**** Records to process ****

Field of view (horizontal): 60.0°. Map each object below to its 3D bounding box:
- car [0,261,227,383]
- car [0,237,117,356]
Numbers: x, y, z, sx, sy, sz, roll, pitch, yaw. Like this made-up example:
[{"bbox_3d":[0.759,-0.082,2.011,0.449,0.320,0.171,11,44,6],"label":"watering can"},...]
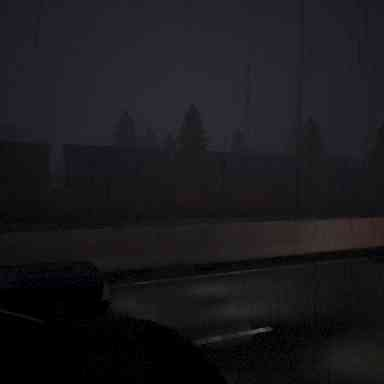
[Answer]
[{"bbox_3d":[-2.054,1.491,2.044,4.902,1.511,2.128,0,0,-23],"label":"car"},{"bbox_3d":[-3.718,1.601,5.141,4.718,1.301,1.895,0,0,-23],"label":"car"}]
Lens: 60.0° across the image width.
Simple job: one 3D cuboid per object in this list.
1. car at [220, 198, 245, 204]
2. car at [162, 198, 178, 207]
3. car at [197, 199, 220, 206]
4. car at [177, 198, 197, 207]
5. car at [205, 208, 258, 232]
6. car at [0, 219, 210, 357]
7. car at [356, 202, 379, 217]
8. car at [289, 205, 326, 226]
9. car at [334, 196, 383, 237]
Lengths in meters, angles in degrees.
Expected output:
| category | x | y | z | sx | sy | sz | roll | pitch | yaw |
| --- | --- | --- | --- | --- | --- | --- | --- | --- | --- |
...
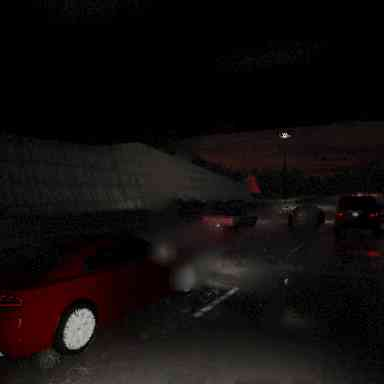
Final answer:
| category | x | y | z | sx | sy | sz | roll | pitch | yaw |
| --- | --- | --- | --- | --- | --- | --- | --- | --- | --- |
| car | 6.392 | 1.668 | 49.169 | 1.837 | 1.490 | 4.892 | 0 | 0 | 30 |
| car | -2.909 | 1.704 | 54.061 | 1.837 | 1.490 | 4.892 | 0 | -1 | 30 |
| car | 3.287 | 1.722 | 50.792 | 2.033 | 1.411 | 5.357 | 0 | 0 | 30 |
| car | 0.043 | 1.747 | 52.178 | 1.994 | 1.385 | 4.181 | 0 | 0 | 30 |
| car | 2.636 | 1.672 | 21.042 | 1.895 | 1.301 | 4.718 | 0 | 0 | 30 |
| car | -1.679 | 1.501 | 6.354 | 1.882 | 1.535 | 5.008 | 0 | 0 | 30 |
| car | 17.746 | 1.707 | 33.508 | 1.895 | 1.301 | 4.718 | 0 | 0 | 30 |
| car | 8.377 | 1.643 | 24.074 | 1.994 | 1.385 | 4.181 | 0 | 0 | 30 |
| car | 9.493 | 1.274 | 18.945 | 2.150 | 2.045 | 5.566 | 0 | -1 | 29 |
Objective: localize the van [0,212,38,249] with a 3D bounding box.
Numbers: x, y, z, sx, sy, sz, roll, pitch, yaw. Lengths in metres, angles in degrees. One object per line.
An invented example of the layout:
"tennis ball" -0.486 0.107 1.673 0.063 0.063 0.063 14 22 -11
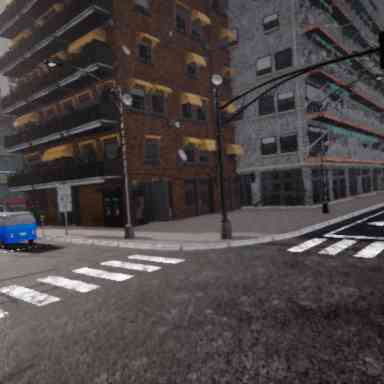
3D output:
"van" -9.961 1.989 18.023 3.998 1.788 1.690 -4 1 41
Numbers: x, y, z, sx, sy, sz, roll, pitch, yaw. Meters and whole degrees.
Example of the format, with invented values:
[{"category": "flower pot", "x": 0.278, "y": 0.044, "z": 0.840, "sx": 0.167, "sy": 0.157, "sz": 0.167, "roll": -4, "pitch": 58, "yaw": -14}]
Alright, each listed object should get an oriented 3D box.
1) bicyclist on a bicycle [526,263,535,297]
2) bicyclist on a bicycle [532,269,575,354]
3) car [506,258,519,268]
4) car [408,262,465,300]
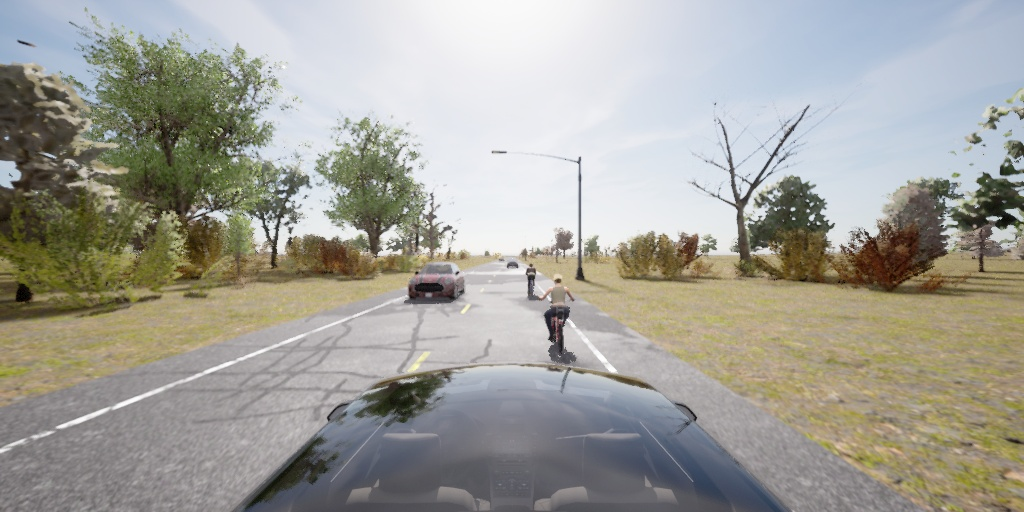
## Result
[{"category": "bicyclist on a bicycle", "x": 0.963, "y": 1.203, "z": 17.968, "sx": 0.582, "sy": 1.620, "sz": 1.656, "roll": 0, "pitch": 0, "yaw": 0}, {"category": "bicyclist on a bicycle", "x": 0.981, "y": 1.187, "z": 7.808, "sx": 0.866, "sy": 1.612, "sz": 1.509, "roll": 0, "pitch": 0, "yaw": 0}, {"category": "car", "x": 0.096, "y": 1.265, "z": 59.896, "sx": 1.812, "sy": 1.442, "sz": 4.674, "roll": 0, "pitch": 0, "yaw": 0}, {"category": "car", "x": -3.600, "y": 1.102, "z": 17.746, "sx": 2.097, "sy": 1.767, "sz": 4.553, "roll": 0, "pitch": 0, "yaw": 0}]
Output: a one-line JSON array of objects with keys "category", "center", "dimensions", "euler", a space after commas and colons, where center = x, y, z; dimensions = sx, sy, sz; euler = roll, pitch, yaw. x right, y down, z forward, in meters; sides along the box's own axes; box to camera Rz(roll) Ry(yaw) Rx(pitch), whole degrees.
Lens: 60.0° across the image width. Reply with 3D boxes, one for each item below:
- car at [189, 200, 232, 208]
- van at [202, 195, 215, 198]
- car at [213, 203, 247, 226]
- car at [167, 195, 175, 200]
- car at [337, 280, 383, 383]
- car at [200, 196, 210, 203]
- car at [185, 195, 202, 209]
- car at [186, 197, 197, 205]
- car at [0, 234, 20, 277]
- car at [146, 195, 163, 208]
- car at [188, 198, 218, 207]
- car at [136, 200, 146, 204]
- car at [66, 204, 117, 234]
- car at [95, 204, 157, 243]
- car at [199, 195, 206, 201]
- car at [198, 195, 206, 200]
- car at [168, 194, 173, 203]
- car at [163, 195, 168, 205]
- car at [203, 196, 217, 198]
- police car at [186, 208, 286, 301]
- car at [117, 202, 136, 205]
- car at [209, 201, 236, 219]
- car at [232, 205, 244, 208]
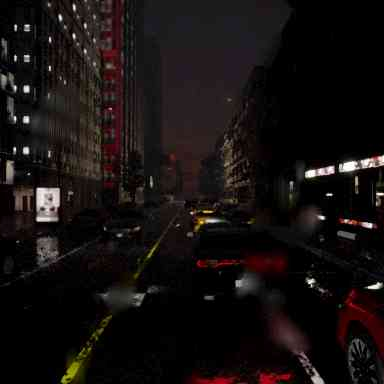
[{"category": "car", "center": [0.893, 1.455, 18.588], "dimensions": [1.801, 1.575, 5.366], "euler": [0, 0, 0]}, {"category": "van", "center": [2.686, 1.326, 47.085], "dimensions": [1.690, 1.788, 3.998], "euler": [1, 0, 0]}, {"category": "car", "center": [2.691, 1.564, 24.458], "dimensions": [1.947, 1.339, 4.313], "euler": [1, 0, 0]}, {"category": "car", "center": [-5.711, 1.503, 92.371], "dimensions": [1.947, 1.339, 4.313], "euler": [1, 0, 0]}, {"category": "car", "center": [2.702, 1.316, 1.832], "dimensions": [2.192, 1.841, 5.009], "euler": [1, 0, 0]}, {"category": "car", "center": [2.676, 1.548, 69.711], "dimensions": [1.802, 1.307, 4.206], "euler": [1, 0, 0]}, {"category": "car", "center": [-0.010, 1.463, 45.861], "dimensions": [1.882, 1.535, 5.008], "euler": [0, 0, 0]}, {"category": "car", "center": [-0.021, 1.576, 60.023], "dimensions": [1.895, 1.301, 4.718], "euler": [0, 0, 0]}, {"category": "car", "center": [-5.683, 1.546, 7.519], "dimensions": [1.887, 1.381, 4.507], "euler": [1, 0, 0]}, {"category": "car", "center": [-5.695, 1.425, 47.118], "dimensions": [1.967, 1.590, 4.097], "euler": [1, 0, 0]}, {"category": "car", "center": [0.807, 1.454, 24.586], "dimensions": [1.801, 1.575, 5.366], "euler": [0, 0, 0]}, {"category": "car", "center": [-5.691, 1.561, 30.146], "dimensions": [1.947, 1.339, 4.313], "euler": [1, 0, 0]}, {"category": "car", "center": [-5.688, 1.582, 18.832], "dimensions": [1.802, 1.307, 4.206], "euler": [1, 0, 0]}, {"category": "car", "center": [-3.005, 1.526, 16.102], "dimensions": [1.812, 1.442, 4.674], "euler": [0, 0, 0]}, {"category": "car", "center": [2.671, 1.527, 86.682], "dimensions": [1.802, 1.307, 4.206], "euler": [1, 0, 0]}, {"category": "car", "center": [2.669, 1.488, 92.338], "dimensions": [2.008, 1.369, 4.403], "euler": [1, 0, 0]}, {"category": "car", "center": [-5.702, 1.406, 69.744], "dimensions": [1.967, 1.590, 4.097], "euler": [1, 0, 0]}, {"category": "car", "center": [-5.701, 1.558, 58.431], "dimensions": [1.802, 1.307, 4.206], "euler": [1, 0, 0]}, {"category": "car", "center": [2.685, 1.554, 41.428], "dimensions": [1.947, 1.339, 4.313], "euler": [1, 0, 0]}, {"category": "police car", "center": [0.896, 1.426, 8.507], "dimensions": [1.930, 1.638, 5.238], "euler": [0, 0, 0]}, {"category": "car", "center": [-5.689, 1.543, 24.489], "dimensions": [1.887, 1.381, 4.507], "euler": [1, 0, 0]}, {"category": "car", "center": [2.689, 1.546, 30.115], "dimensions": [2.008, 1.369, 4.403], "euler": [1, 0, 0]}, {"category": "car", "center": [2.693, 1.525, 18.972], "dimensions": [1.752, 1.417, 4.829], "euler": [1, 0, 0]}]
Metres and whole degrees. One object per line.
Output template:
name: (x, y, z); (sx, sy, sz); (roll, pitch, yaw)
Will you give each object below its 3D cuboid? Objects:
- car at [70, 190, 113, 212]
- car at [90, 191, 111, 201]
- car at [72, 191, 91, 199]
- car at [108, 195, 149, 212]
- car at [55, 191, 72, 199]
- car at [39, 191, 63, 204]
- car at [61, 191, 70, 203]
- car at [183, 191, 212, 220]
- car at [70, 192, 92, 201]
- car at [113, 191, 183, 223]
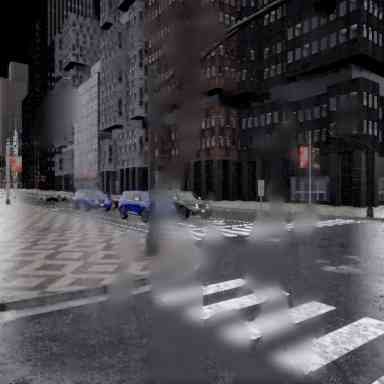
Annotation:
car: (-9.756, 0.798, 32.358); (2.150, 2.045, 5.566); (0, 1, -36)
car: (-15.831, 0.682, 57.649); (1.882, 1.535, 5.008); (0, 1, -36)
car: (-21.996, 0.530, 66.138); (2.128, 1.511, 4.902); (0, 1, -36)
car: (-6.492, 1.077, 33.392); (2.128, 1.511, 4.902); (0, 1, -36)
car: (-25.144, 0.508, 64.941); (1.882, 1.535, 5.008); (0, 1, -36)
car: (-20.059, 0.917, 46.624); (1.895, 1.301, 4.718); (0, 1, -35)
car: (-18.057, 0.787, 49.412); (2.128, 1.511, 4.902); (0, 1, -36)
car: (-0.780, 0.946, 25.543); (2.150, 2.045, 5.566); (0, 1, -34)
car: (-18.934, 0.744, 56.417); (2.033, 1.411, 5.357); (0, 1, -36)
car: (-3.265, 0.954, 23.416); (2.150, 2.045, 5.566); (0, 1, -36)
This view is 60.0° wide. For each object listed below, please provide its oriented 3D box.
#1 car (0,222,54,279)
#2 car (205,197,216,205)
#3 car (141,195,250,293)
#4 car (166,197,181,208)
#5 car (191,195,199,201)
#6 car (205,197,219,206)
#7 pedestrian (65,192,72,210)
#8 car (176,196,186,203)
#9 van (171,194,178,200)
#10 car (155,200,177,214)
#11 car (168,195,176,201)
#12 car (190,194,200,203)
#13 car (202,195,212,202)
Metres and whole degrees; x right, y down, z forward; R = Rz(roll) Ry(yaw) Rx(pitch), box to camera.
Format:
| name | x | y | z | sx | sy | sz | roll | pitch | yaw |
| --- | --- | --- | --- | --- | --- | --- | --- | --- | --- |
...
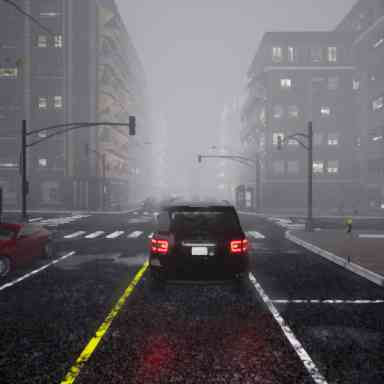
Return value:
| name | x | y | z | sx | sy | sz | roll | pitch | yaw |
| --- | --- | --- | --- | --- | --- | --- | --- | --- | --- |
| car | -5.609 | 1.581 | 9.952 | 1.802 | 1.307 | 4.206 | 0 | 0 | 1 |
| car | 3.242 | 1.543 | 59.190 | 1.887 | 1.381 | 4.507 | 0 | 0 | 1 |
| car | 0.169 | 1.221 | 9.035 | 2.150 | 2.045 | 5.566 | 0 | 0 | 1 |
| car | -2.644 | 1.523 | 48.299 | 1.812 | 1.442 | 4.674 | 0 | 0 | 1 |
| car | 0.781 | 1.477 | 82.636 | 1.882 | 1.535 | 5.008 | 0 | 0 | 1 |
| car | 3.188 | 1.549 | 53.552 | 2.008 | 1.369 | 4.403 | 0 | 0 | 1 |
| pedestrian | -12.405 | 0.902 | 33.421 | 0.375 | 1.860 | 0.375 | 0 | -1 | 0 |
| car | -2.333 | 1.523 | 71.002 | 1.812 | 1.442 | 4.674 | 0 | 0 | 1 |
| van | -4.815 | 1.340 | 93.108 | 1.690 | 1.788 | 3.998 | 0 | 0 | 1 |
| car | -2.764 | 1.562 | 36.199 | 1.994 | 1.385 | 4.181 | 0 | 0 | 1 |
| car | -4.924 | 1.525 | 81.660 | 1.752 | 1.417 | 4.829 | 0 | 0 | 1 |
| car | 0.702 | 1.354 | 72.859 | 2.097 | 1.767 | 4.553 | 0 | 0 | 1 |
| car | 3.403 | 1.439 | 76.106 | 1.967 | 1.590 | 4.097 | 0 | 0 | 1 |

****

→ How to complete this task
Check the entries above line by line and return each one containing the word "camera".

→ Answer section
Output: a one-line JSON array of objects with keys "category", "center", "dimensions", "euler", a space after commas and colons, where center = x, y, z; dimensions = sx, sy, sz; euler = roll, pitch, yaw. x right, y down, z forward, in meters; sides along the box's own axes; box to camera Rz(roll) Ry(yaw) Rx(pitch), whole degrees.
Metres and whole degrees; x right, y down, z forward; R = Rz(roll) Ry(yaw) Rx(pitch), box to camera.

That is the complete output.